**ABOUT THIS EXERCISE**
Start at the line below containing "Screen dimensions: 1232x953" and stop at the line containing "the section header". Repeat every line of that stretch exactly, and nothing outside it.

**DATA SECTION**

= = = =

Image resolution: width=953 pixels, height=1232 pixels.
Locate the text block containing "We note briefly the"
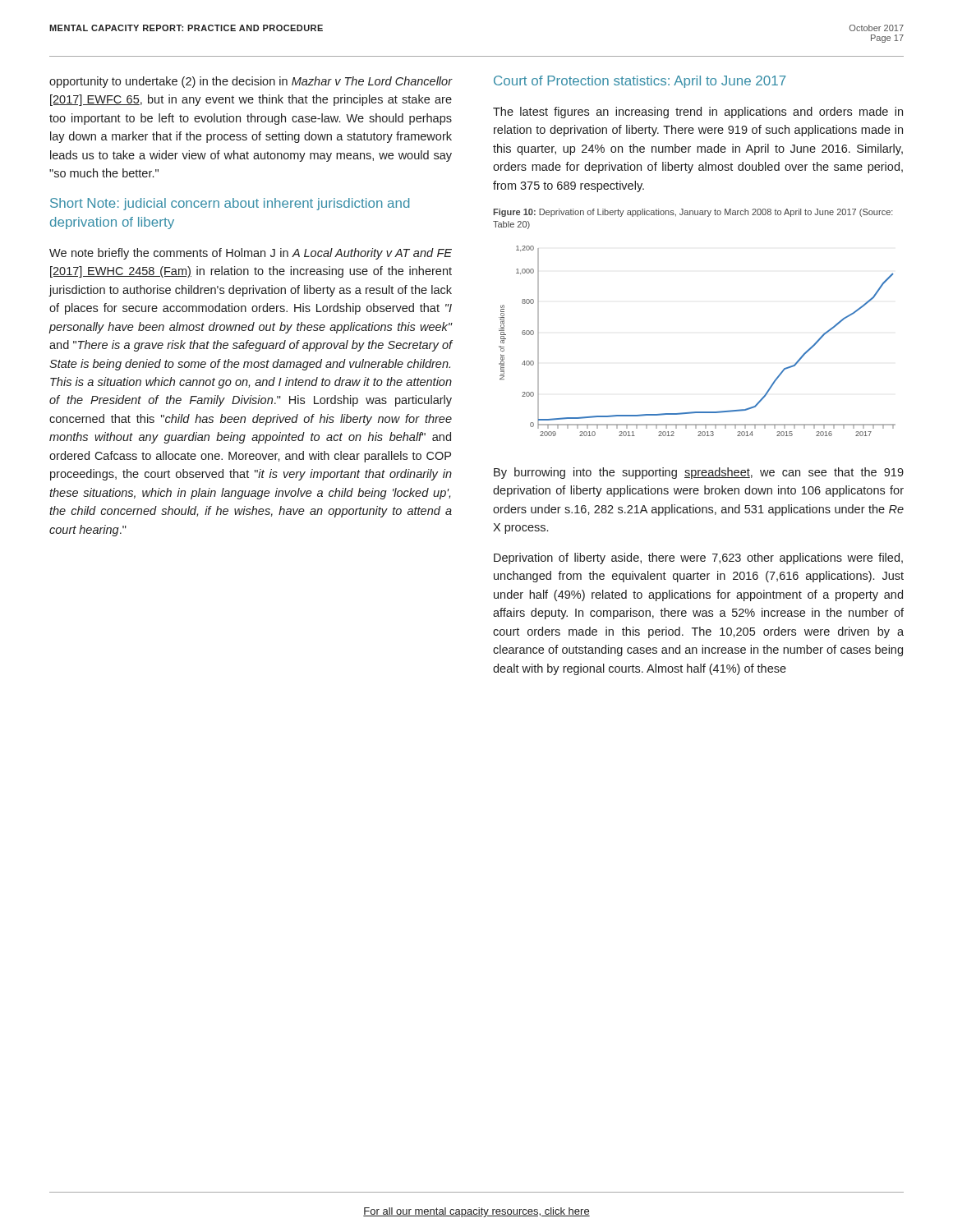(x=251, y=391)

= = = =

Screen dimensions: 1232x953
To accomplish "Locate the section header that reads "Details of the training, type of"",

= = = =

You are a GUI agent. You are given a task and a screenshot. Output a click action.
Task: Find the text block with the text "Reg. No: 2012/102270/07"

= = = =

**RESULT OF THE EXERCISE**
Screen dimensions: 1232x953
To accomplish "Locate the section header that reads "Details of the training, type of"",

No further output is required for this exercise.